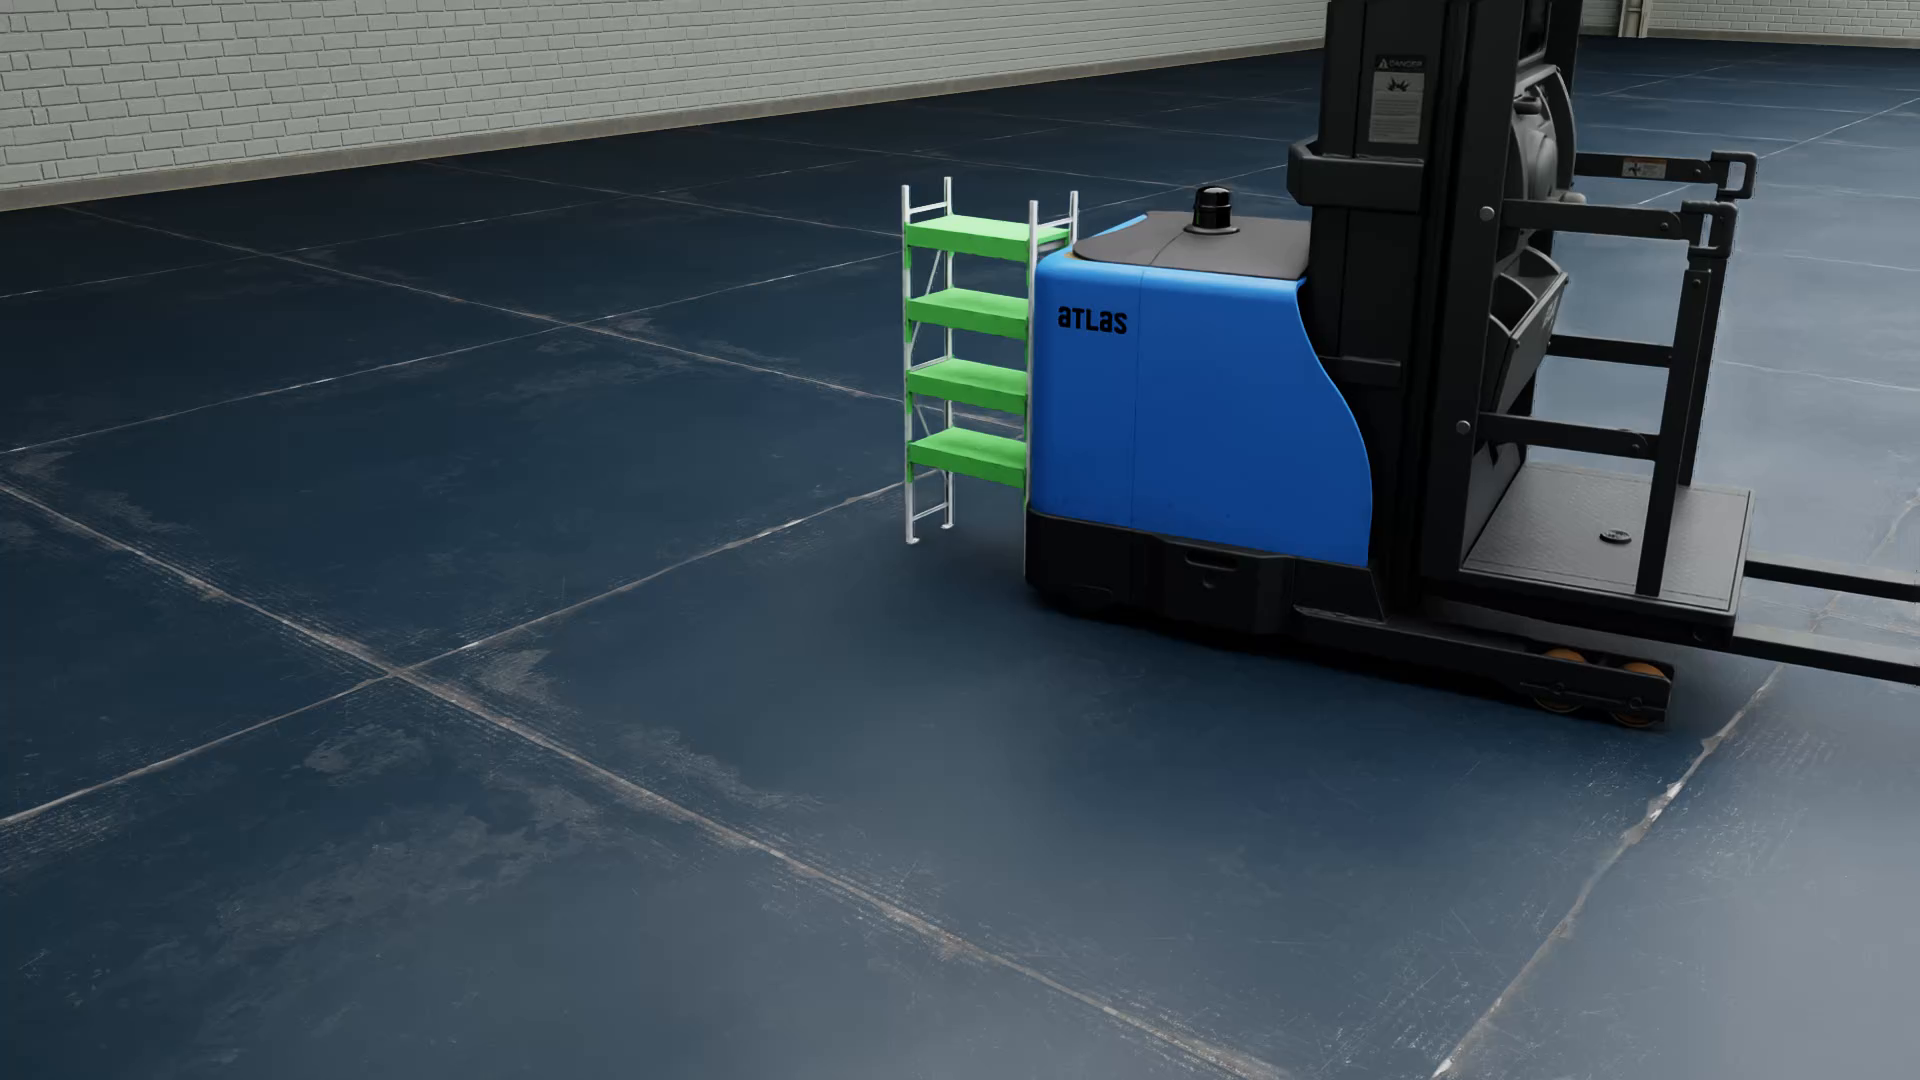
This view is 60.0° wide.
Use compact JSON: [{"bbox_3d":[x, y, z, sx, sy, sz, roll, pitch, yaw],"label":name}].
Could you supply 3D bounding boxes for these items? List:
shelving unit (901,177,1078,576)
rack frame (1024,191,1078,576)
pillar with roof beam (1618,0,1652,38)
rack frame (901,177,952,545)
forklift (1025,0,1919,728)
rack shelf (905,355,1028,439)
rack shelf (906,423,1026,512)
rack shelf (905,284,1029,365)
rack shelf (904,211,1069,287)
[{"bbox_3d":[0.089,-0.529,5.369,0.503,1.200,0.258,15,25,34],"label":"shelving unit"},{"bbox_3d":[0.284,-0.477,5.232,0.015,1.200,0.240,15,25,34],"label":"rack frame"},{"bbox_3d":[8.864,-11.701,23.945,0.400,9.000,9.100,16,26,36],"label":"pillar with roof beam"},{"bbox_3d":[-0.106,-0.580,5.507,0.015,1.200,0.240,15,25,34],"label":"rack frame"},{"bbox_3d":[1.754,-1.093,4.413,3.031,2.935,1.130,10,23,25],"label":"forklift"},{"bbox_3d":[0.089,-0.469,5.392,0.480,0.148,0.258,15,25,34],"label":"rack shelf"},{"bbox_3d":[0.089,-0.244,5.477,0.480,0.148,0.258,15,25,34],"label":"rack shelf"},{"bbox_3d":[0.089,-0.693,5.307,0.480,0.148,0.258,15,25,34],"label":"rack shelf"},{"bbox_3d":[0.089,-0.918,5.222,0.480,0.148,0.258,15,25,34],"label":"rack shelf"}]

---+---

### PROBLEM REQUIREMENTS:
Out of the entries above, write out only the lines between the line holding "rack shelf (906,423,1026,512)" and the line holding "rack shelf (905,284,1029,365)", inclusive, each exactly as given.

### PROBLEM SOLUTION:
rack shelf (906,423,1026,512)
rack shelf (905,284,1029,365)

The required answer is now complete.